Even in the best weather conditions Yarn Rascal needs to walk the equivalent of half the length of the Appalachian Trail before getting down to business. In snow, ice and cold it’s a walk that seems a whole lot longer. I got ready for our “little” before bedtime trek by putting on all my knitted equipment: socks, cowl, hat, mittens. Then I readied Yarn Rascal by wrestling him into his new winter jacket. I tried and failed to put boots on his flailing little feet. I’d get one on, he’d chew it off before I could finish shoving on the second boot. After struggling to put the same boot on the little octopus three times I gave up.

Out we went for what I hoped was a quick business transaction. While Yarn Rascal twinkle-toed it across the top of the ice-covered snow, I kept falling through the ice cover. My gait resembled Frankenstein’s first steps as the monster comes alive. Yarn Rascal ice danced for 28 freezing minutes without performing one business transaction. Slowly, my frozen brain realized the problem. Yarn Rascal was looking for, but not finding, the scents he needed in order to get a business transaction moving. The wonderland of snow and ice had covered everything. I returned Yarn Rascal to the warm house.

It took some digging, but I hit bare, albeit frozen, ground. I took Yarn Rascal back out and showed it to him. Ten minutes later and still nothing. I put Yarn Rascal back in the house and headed out with the shovel again.

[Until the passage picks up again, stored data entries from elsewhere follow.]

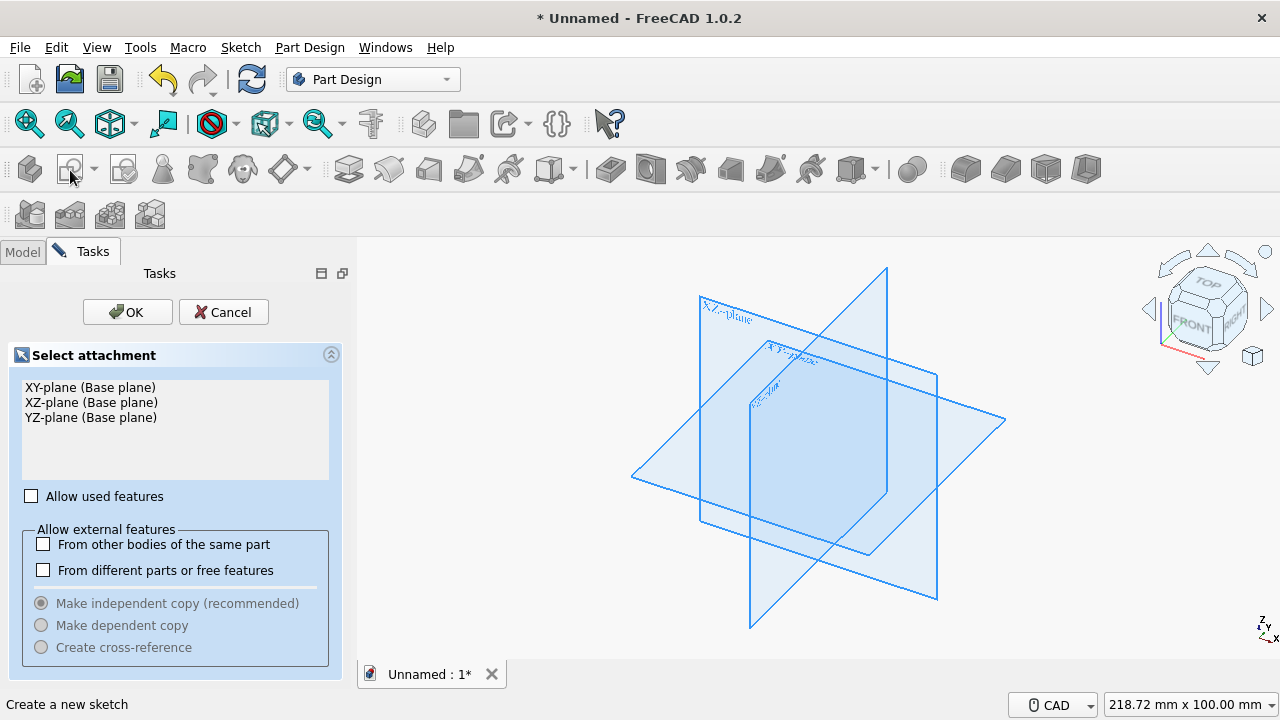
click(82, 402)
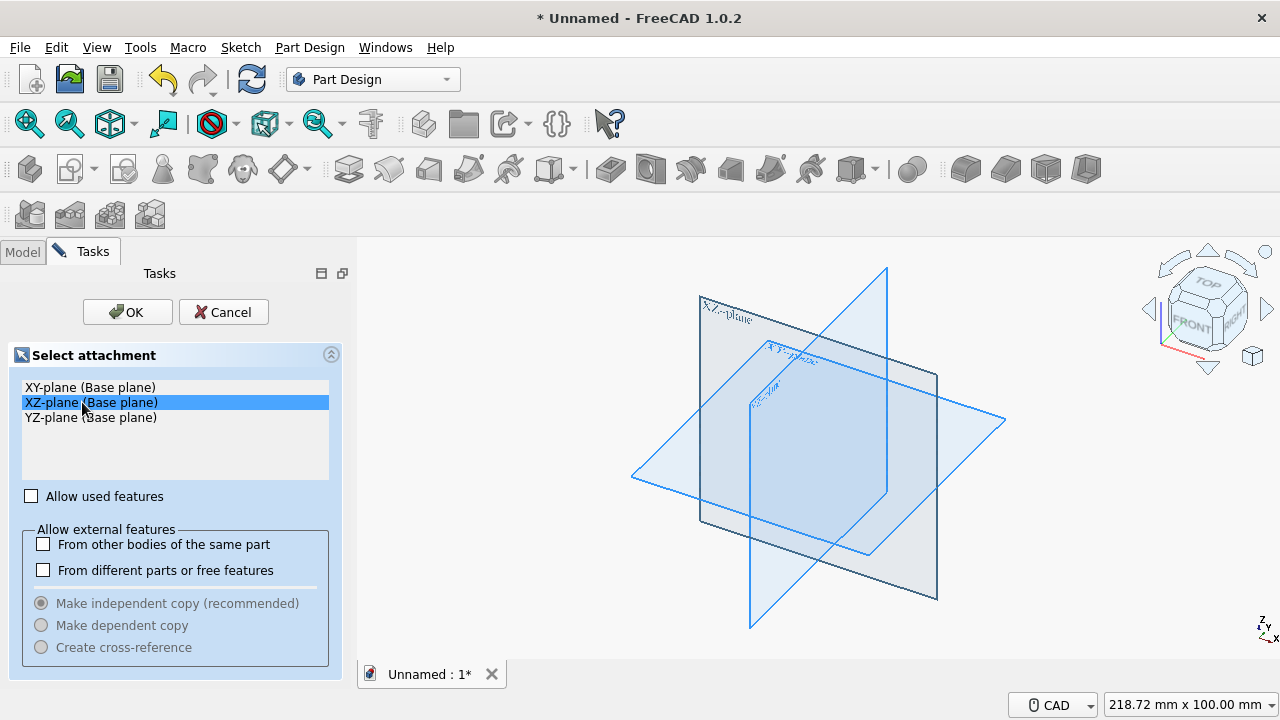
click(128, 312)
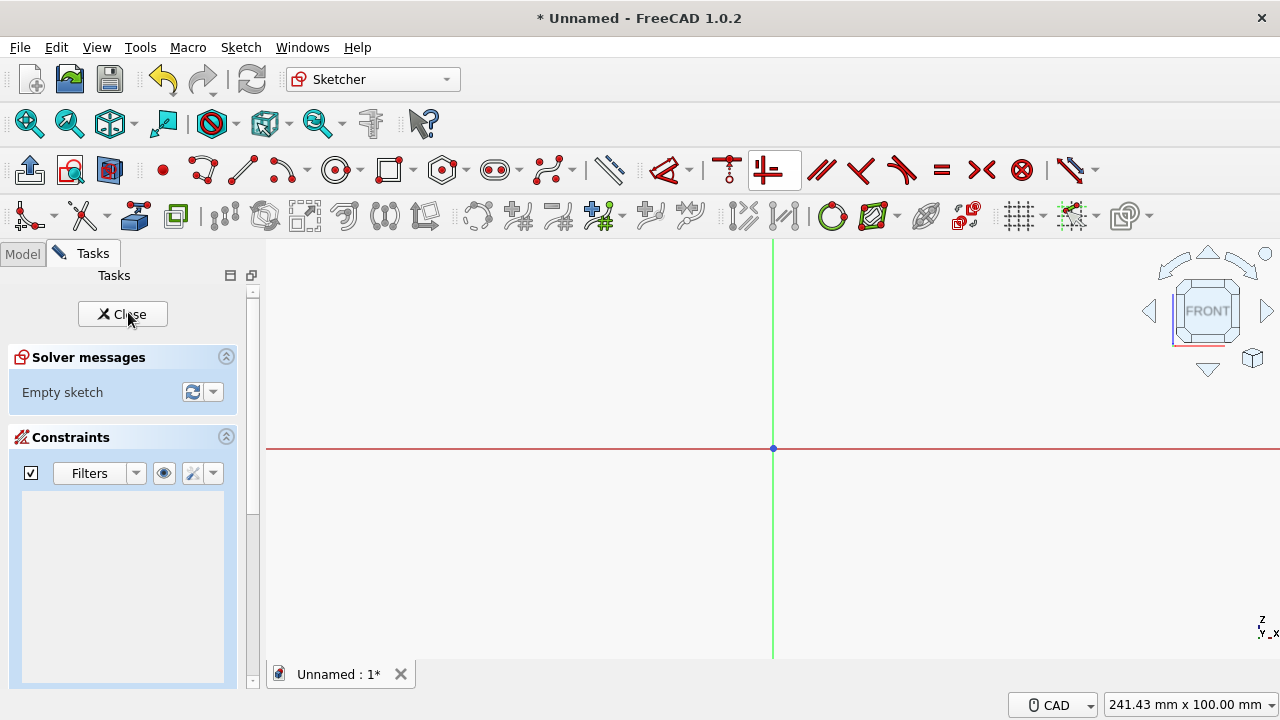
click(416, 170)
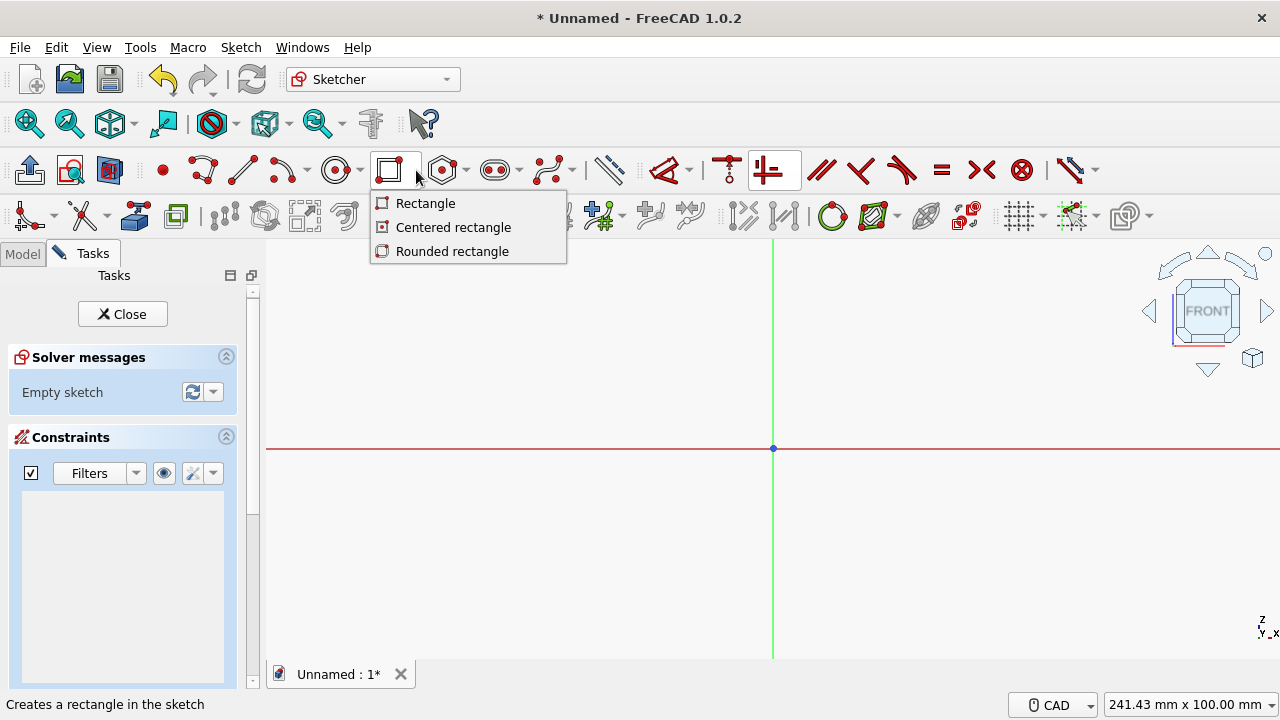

I scanned the smooth, white surface trying to recognize the spots Yarn Rascal particularly favored. It was amazing how difficult it was to pinpoint favorite spots with everything covered so thoroughly. I lacked reference points. One of his favorite business centers was five paces to the right of a fallen tree branch with moss growing on it. The branch was memorable because somehow it had landed in the middle of the yard well away from any tree. Where the heck was that branch in all this?

In the daylight the yard looks like a shelling took place. Frozen, bare patches of land pock mark the yard in no apparent order. Yarn Rascal still takes forever to conduct business but at least he has choices. And, I am proud to say, I did find that tree branch after all.